WASHINGTON (AP) – Long-term U.S. mortgage rates jumped this week to their highest level in nearly 4 years, a sign that the prospect of higher inflation is steadily increasing the cost of borrowing to buy a home.
Mortgage buyer Freddie Mac said Thursday that the average rate on 30-year, fixed-rate mortgages rose to 4.38 percent this week, up from 4.32 percent last week and the highest since April 2014.
The rate on 15-year, fixed-rate loans rose to 3.84 percent from 3.77 percent last week.
Recent wage gains and rising prices are stoking concerns about inflation picking up, which has caused investors to seek higher interest rates. Mortgage rates are closely aligned with the yield on 10-year U.S. Treasury notes, which has climbed above
2.90 percent from 2.78 percent just 2 weeks ago.

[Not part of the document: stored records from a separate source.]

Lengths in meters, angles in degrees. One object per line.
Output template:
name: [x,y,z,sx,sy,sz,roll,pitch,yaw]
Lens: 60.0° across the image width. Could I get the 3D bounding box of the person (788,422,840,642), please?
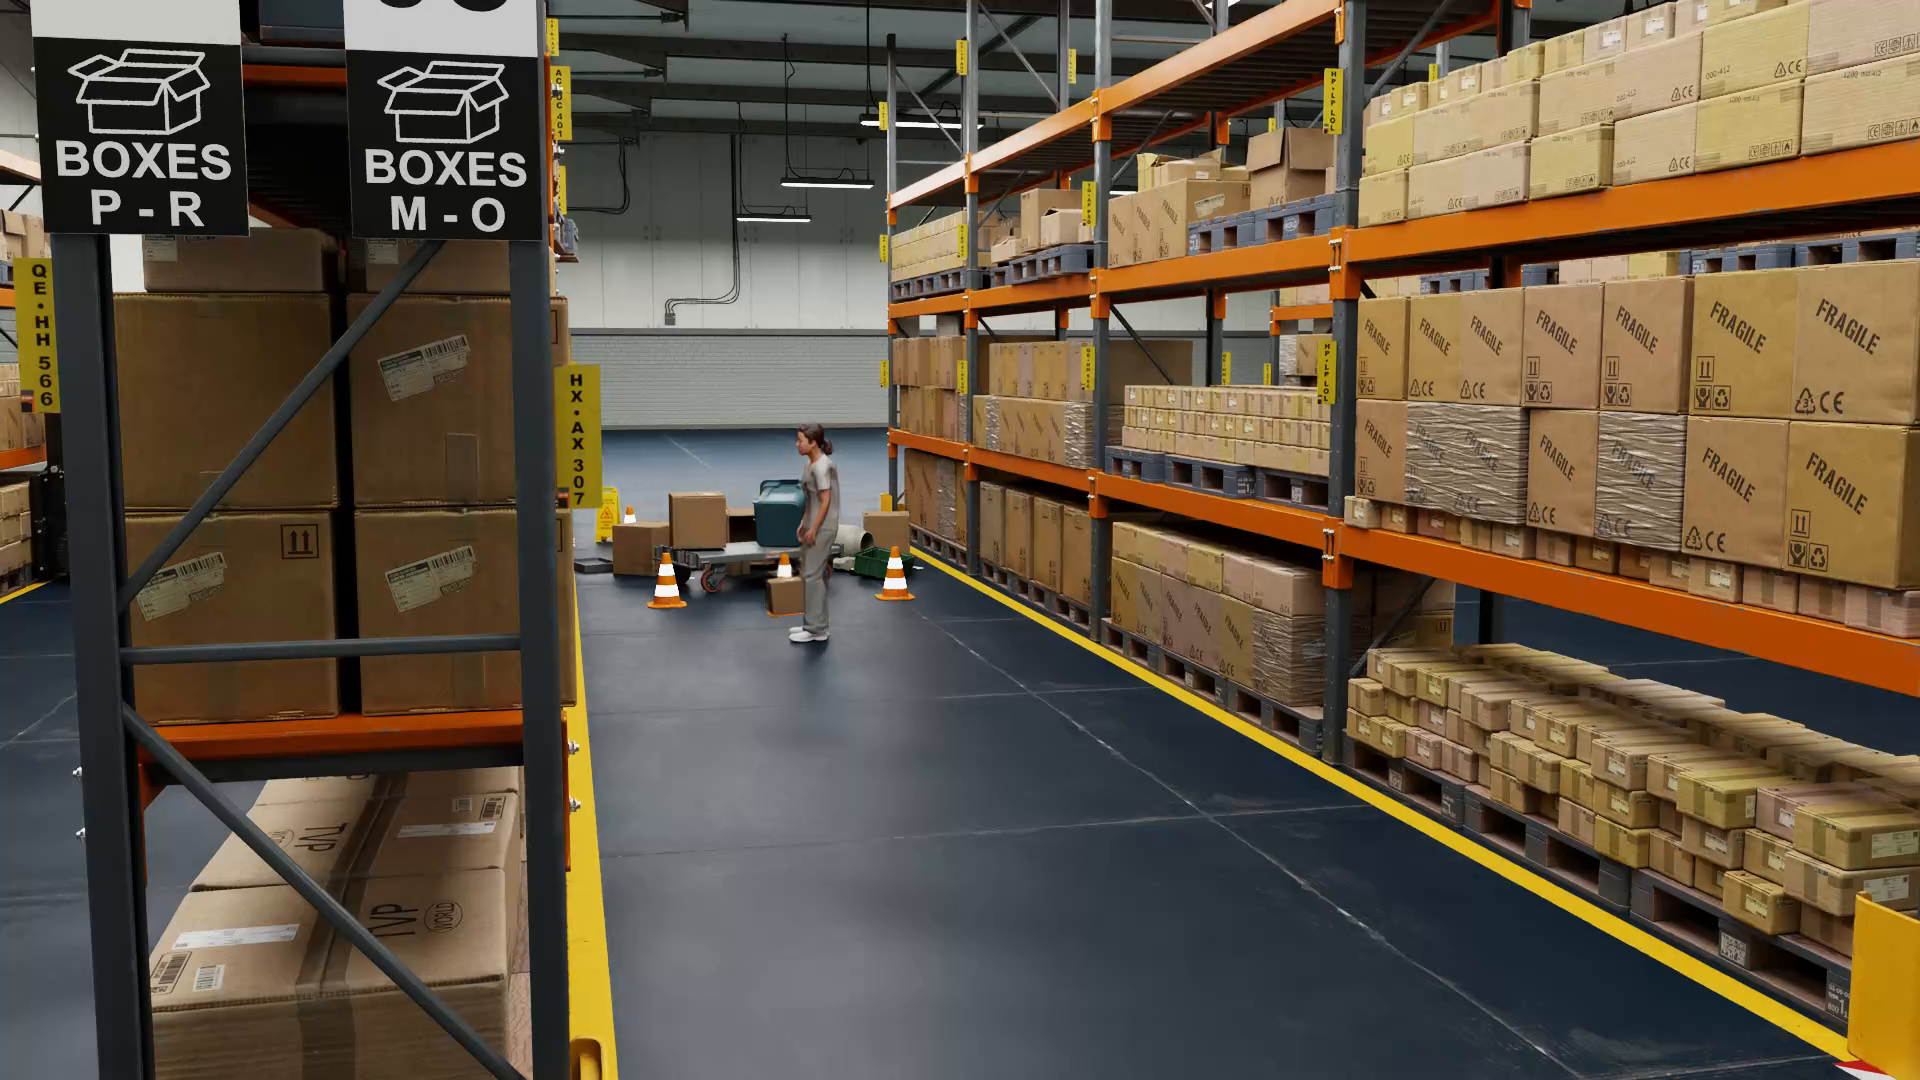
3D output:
person: [-1.135,-0.065,12.751,0.415,1.670,0.480,-2,6,-15]

The low mortgage rates had eased some of the price pressures facing would-be homebuyers. The shrinking inventory of sales listings has caused prices to increase at roughly double the gains in average hourly earnings, making it harder to save for a down payment and purchase a home.
But homebuyers had the benefit of average 30-year mortgages that were
3.78 percent in September. If mortgage rates keep rising at a quick pace, it could limit what people can afford to pay and cause demand for housing to fall.